H&P: Patient presented with shortness of breath and palpitations noted to be in atrial fibrillation and with AKI. Patient with baseline creatinine of 1.1, noted as 1.5 on admission. Give IVF for AKI and monitor labs. Platelets 64, consult Hematology for ITP treatment recommendations
PMH: Idiopathic thrombocytopenia purpura (ITP) treated in past with IVIG with last known platelet level 150, COPD, paroxysmal atrial fibrillation.
Home Medications: Prednisone 10 mg po daily, Eliquis 5mg po bid, Symbicort 160 mcg inhalation aerosol 2 puffs bid, Combivent Respimat 20 mcg one puff qid
Physical Exam: VS:110/60, 114, 27, 100.9F, BMI 38.2 and patient complaining of feeling light headed with palpitations.
Labs: On admission: Platelets 64×10 (9)/L, creatinine 1.5, Day 2 platelets 105×10 (9)/L, creatinine 3.39. Day 3 platelets 110 (9)/L, creatinine 3.23, Day 4 platelets 115, creatinine 2.02, Day 5 platelets 123, creatinine 1.79
U/S Kidneys: Bilateral kidneys unremarkable, no hydronephrosis.
Hematology/Oncology Consult: Day of admission: Patient with a history of persistent atrial fibrillation and ITP with a decrease in platelets lower than baseline of 150. Give IV immune globulin (IVIG).
Treatment: Diltiazem 25mg IV x2, Plavix 75mg po daily, Metoprolol 12.5mg po bid, IVIG 400mg/kg daily-discontinued on day 2, IVF NS 100ml/hour, monitor creatinine levels daily
Discharge Summary: Patient admitted with persistent atrial fibrillation, ITP, and AKI. Patient to f/u with cardiology for atrial fibrillation. AKI which is resolving with creatinine down to 1.79. Plan monitor creatinine outpatient.
Discharge Medication: Prednisone 10 mg po daily, Eliquis 5mg po bid, Symbicort 160 mcg inhalation aerosol 2 puffs bid Combivent Respimat 20 mcg one puff qid
Question: Are there query opportunities based on the scenario stated above?
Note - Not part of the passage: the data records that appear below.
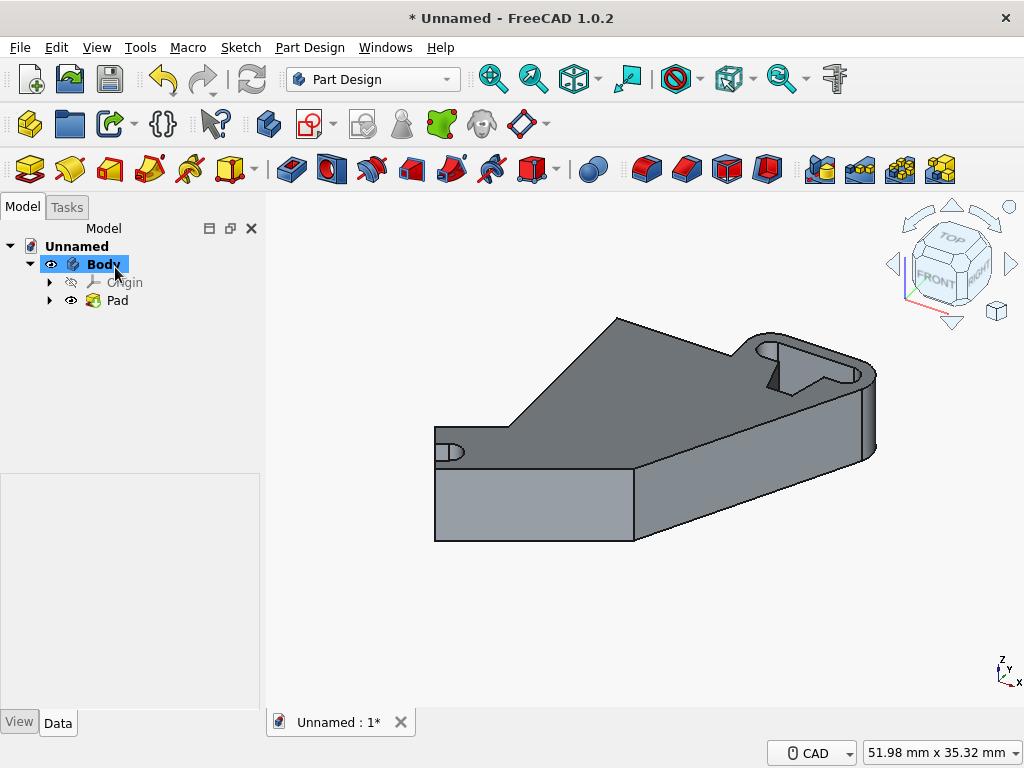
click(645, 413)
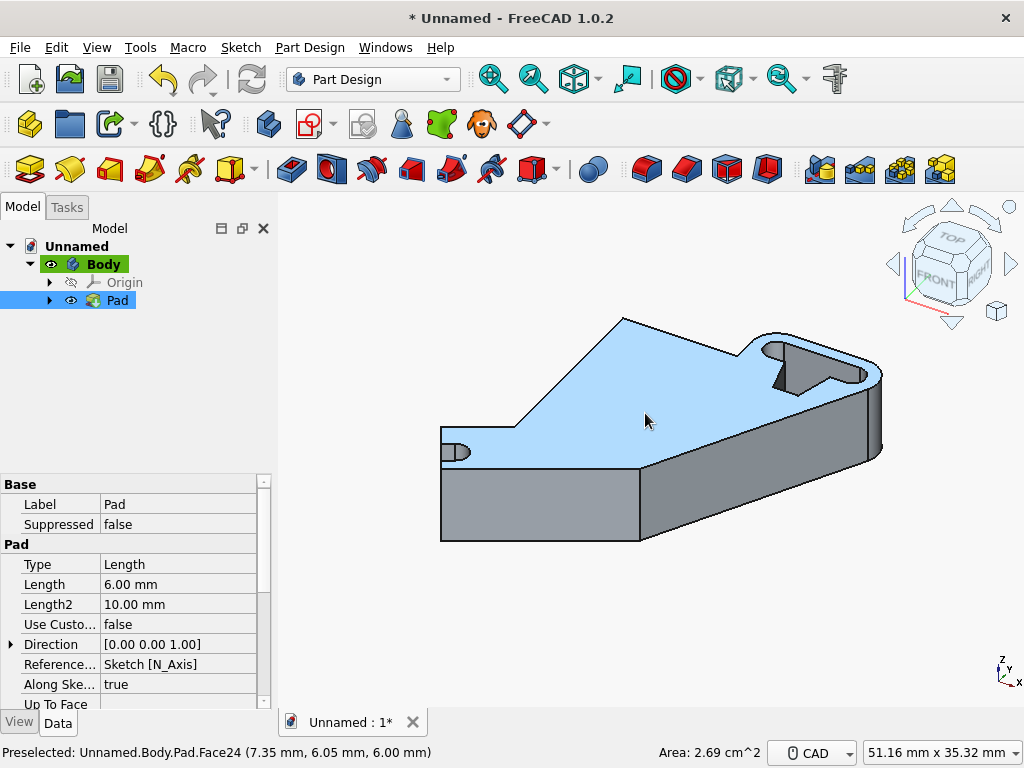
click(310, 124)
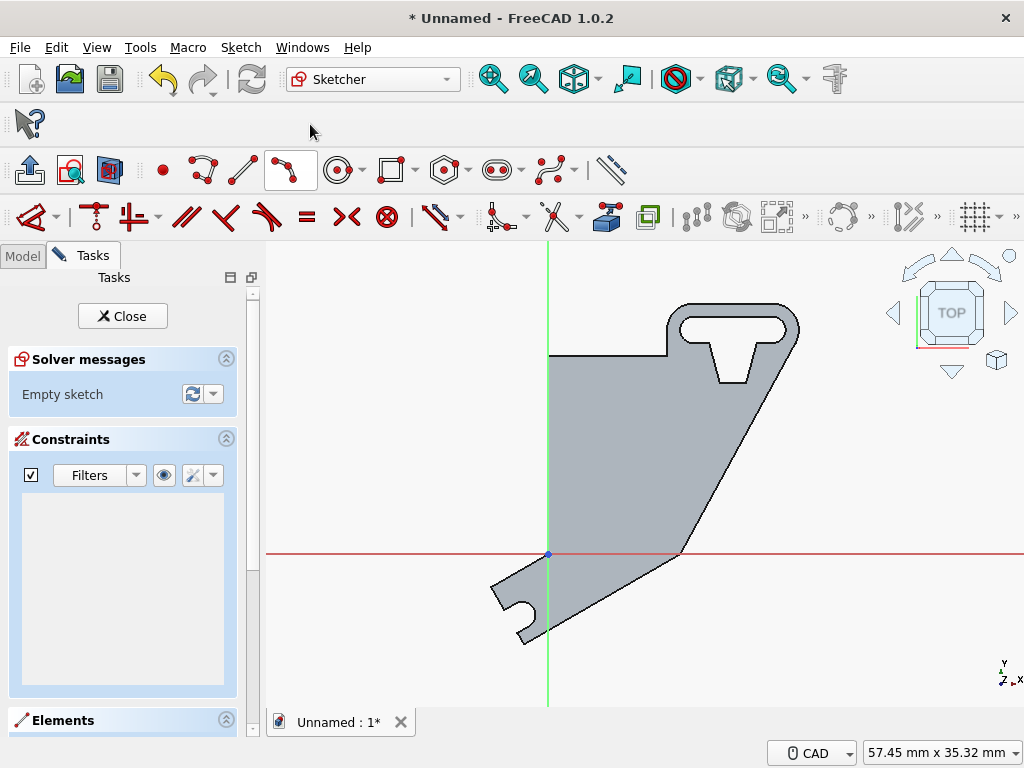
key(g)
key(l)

Discussion: The patient presented with shortness of breath and palpitations. Patient with persistent atrial fibrillation, AKI, and worsening platelet count. After the administration of IVIG the patient had worsening creatinine levels. The creatinine level remained elevated with a near return to baseline by the 5th day. AKI that lasts for greater than 72 hours should be evaluated for the additional diagnosis of Acute Kidney Injury (AKI) with Acute Tubular Necrosis (ATN). Acute Tubular Necrosis is the cause of AKI in approximately 30% of hospitalized patients. However, it is a diagnosis that is frequently overlooked resulting in the need to query for clarification.
UASI Recommends:
Query for Acute Kidney Injury with Acute Tubular Necrosis
Documentation without Clarification:
Principal Diagnosis: I48.19 Other persistent atrial fibrillation
Secondary Diagnosis: J44.9 COPD, D69.2 Immune thrombocytopenic purpura (ITP), N179 Acute Kidney Injury (AKI)
Working DRG: 309
RW: 0.7494 GLMOS: 2.4 SOI/ROM: 2/2
Documentation with Clarification:
Principal Diagnosis: I48.19 Other persistent atrial fibrillation
Secondary Diagnosis: J44.9 COPD, D69.2 Immune thrombocytopenic purpura (ITP), N17.0 Acute Kidney Injury (AKI) with Acute Tubular Necrosis
Working DRG 308
RW: 1.1993 GLMOS: 3.5 SOI/ROM: 3/3
CDI Educational Tips:
- Monitor for AKI that is not resolved in 72 hours or less for the diagnosis of ATN.
- Acute Tubular Necrosis (ATN) is defined as AKI due to an ischemic injury or a toxic injury which leads to dysfunction of the renal tubules.
- ATN must meet criteria for AKI with a cause for ATN such as IV contrast, toxins, or medications.
- Elevation of urine sodium concentration and fractional excretion of sodium are optional lab tests but can be found to be normal. Therefore, normal levels do not exclude the diagnosis of ATN.
- ATN can lead to electrolyte imbalances, monitor for imbalance especially hyperkalemia and hyponatremia. Query as needed.
- ATN is a more specific and accurate diagnosis that provides an MCC which further represents the severity of illness of the patient.
This is a short synopsis of a possible patient record and is not intended to be all inclusive. This is for educational purposes only and not intended to replace your institutional guidelines.